### DESCRIPTION OF THE TASK
Pictures are to be dropped from the copy. Retype the listing exactly.

### RECORDED DATA
• • •

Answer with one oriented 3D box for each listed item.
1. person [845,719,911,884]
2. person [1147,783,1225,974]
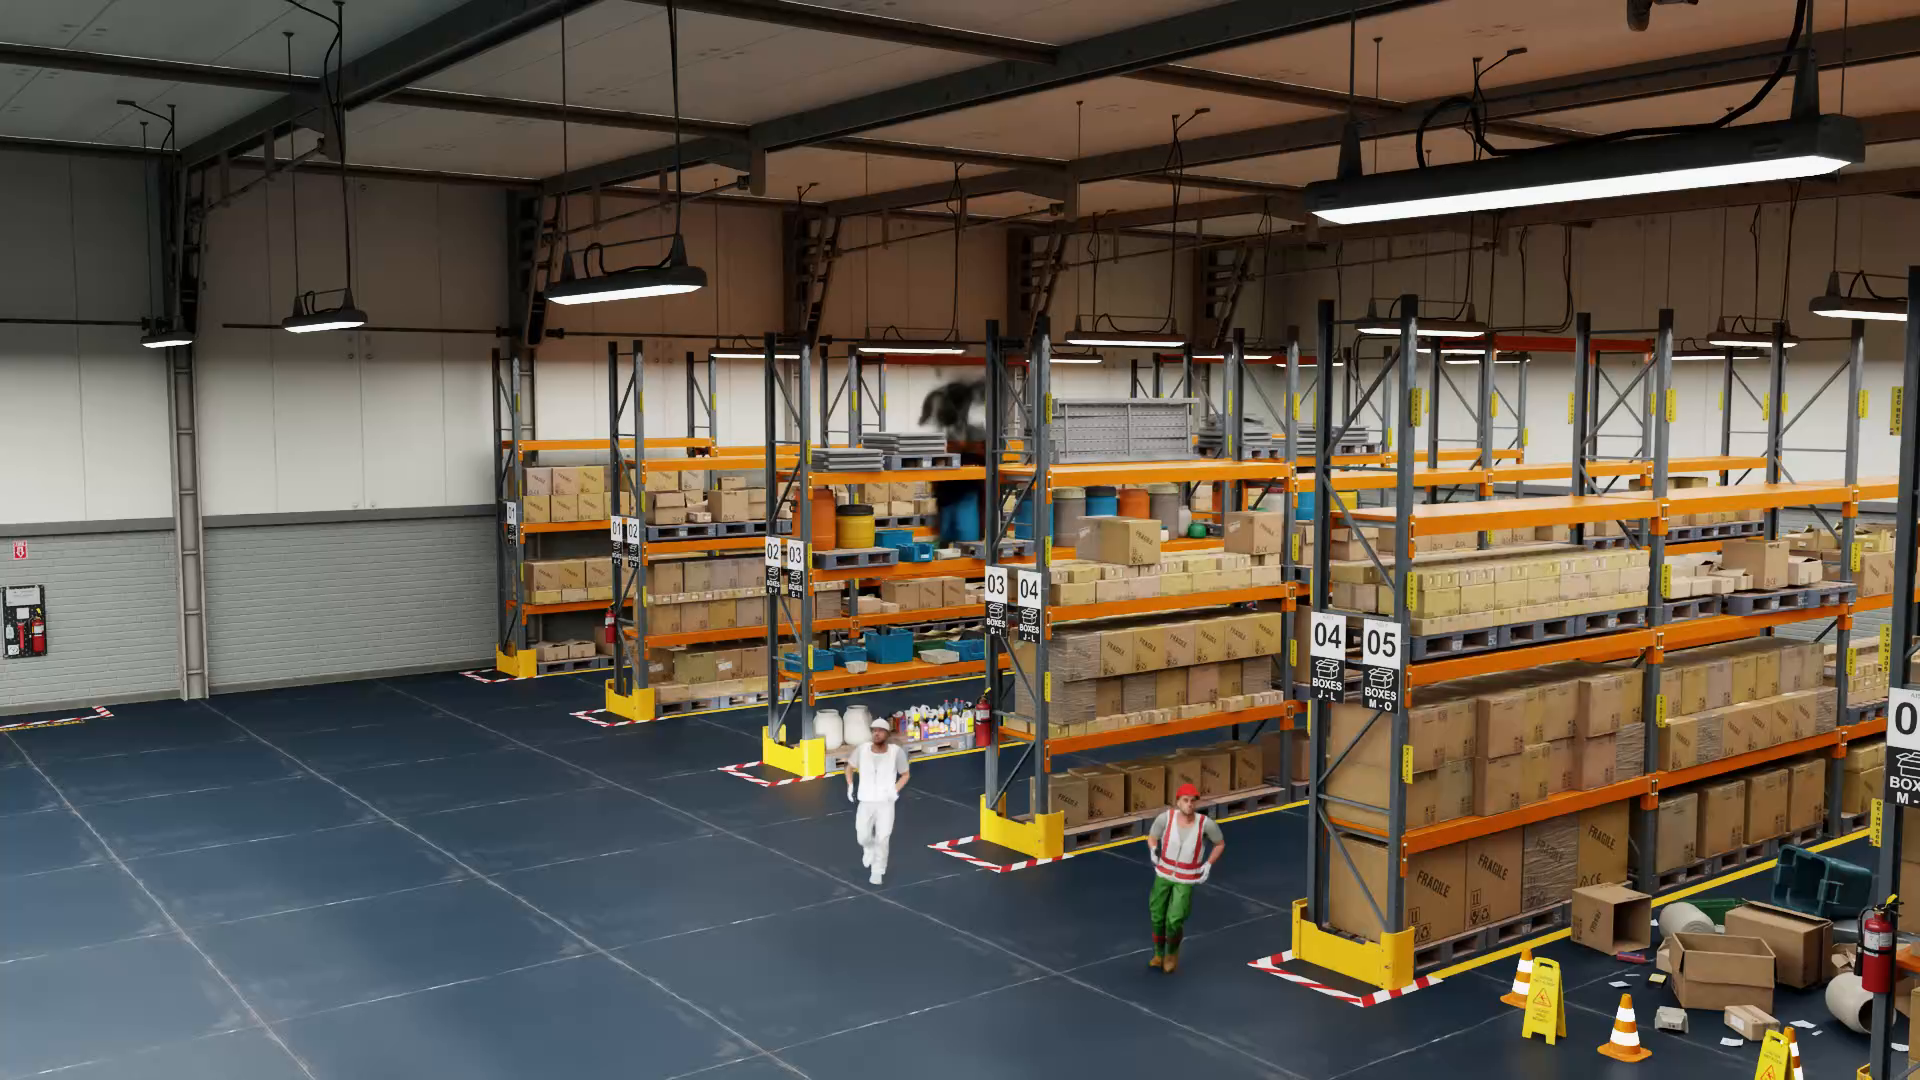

• • •

### OUTPUT OF THE EXERCISE
Answer with one oriented 3D box for each listed item.
1. person [845,719,911,884]
2. person [1147,783,1225,974]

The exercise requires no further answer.